ASSIGNED TASK —
Look for "listed" in each line of the entries, and return the matching lines.

STUDY MATERIAL —
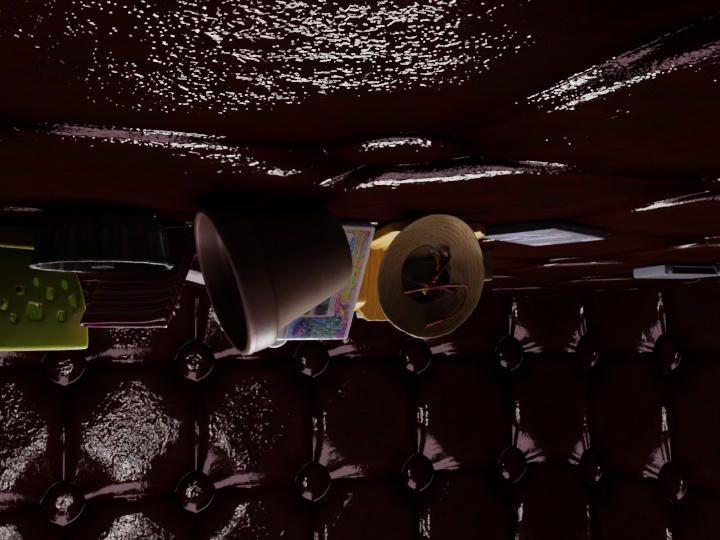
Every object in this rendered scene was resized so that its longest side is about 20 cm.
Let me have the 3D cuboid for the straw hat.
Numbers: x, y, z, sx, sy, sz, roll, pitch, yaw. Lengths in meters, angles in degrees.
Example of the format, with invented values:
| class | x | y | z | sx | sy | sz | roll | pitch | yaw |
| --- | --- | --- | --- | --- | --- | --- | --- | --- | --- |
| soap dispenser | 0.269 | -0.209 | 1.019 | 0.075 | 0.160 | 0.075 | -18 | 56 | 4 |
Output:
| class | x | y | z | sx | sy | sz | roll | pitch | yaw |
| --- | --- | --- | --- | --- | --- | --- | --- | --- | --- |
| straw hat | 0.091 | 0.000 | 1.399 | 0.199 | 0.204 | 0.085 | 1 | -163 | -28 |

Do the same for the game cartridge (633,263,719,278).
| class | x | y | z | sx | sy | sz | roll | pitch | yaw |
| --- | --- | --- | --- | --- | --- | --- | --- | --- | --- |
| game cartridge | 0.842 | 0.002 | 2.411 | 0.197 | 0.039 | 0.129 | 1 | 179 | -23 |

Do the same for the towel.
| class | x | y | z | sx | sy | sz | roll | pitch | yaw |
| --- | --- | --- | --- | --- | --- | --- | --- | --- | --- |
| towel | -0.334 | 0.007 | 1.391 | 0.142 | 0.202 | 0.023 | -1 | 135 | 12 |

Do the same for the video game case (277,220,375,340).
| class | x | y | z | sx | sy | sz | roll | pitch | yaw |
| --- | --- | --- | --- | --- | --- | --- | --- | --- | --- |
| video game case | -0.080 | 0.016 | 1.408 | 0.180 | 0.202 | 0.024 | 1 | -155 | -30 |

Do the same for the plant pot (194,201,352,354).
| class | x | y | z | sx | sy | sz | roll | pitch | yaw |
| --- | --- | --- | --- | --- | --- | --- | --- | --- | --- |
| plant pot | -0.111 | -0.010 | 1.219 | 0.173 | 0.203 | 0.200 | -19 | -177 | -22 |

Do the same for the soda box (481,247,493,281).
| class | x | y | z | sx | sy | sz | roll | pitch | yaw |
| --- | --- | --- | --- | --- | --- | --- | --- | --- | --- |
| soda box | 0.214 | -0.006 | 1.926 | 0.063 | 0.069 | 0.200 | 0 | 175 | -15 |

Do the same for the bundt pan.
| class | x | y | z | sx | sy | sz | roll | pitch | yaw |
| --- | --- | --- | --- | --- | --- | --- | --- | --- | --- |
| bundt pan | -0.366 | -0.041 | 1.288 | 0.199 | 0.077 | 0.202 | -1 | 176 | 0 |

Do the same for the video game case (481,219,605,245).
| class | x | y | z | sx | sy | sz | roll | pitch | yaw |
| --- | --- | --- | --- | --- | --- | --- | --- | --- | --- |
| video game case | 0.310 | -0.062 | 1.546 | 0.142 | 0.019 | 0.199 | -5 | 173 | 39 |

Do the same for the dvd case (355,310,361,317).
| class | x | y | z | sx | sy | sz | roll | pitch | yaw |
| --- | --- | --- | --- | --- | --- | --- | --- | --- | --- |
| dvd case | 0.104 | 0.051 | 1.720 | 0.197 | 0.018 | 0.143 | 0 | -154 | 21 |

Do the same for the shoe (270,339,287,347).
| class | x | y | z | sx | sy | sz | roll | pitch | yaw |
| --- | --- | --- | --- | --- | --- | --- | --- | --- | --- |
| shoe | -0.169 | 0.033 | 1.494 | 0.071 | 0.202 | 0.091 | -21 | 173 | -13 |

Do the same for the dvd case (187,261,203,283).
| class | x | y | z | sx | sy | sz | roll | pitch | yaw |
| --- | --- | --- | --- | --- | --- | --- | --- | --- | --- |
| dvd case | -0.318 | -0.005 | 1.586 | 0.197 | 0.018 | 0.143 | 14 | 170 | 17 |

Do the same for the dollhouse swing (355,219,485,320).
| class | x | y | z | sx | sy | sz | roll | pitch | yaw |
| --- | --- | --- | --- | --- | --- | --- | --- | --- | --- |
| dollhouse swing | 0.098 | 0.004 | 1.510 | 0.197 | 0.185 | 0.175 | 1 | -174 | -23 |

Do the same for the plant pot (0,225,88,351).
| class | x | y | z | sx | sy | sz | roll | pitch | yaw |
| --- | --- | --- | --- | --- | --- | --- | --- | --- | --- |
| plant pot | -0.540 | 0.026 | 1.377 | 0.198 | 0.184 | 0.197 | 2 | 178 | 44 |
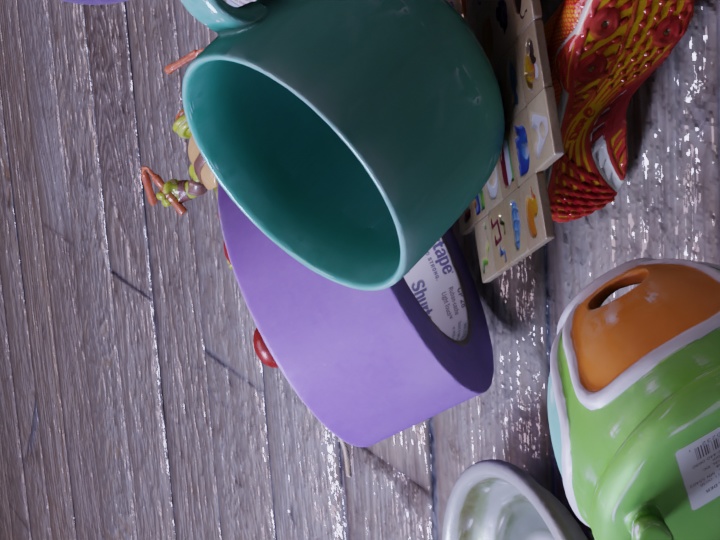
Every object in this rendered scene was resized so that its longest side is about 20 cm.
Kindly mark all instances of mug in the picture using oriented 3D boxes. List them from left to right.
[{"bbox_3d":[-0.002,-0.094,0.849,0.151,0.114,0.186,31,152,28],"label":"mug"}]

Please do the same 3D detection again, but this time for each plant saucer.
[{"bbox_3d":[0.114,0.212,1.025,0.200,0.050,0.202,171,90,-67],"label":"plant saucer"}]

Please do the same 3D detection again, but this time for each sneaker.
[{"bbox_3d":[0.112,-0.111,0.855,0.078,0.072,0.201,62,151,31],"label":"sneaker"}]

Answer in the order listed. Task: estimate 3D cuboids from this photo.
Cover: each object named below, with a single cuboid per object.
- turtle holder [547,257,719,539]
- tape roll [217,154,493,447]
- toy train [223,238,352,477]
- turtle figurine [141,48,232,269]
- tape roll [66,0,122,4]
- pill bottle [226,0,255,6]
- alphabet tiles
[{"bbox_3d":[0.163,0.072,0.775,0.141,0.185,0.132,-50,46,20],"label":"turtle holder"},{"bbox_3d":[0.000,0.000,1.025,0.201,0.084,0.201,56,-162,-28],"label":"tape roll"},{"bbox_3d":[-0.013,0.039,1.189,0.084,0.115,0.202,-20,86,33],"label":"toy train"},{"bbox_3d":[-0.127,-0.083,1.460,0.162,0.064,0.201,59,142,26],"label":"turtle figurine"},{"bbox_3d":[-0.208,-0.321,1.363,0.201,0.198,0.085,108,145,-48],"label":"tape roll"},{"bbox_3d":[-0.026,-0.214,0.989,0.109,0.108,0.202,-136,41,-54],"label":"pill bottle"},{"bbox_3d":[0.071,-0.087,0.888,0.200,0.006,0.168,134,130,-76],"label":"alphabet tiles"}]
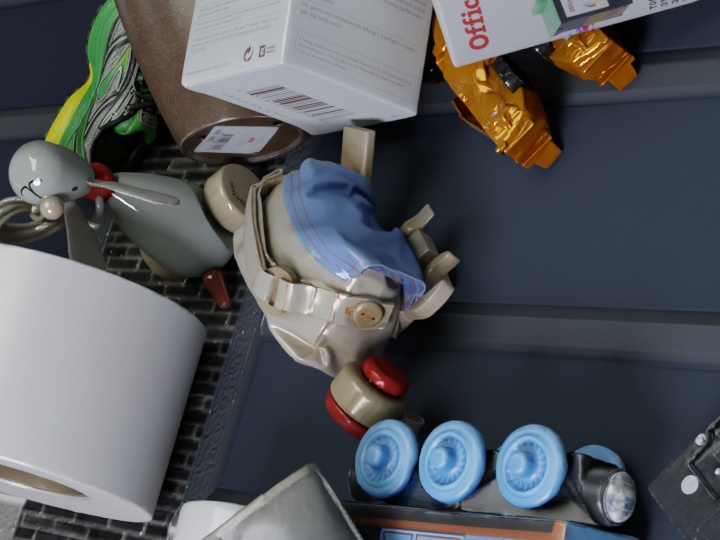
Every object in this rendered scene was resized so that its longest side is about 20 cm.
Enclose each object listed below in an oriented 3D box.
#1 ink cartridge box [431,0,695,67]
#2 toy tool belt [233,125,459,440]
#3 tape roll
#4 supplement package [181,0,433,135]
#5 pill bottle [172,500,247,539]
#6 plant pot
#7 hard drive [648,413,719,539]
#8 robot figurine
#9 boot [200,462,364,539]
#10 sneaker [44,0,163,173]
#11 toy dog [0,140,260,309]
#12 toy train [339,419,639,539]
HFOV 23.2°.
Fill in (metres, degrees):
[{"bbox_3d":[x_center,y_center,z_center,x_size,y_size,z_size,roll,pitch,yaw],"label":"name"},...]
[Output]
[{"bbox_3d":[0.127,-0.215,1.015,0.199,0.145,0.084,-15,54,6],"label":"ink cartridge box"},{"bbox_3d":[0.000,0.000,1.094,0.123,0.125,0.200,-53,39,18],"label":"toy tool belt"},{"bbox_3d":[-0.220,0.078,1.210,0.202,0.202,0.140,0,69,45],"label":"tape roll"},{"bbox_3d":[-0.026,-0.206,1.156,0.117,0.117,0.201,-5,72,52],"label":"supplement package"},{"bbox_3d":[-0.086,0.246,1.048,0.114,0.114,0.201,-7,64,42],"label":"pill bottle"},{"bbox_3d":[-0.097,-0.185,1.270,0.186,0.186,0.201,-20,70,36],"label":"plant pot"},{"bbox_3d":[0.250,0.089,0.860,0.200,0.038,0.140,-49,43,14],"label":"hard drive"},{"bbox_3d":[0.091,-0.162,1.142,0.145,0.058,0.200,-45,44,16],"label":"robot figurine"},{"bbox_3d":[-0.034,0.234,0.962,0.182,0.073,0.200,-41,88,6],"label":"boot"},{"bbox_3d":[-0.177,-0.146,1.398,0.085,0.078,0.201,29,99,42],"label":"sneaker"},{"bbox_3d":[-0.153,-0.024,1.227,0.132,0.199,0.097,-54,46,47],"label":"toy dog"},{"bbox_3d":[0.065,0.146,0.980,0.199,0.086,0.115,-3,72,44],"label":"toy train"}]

EXPECTED ANSWER —
Answer in the order listed. Task: estimate 3D cuboids from this photo.
Enclose each object listed below in an oriented 3D box.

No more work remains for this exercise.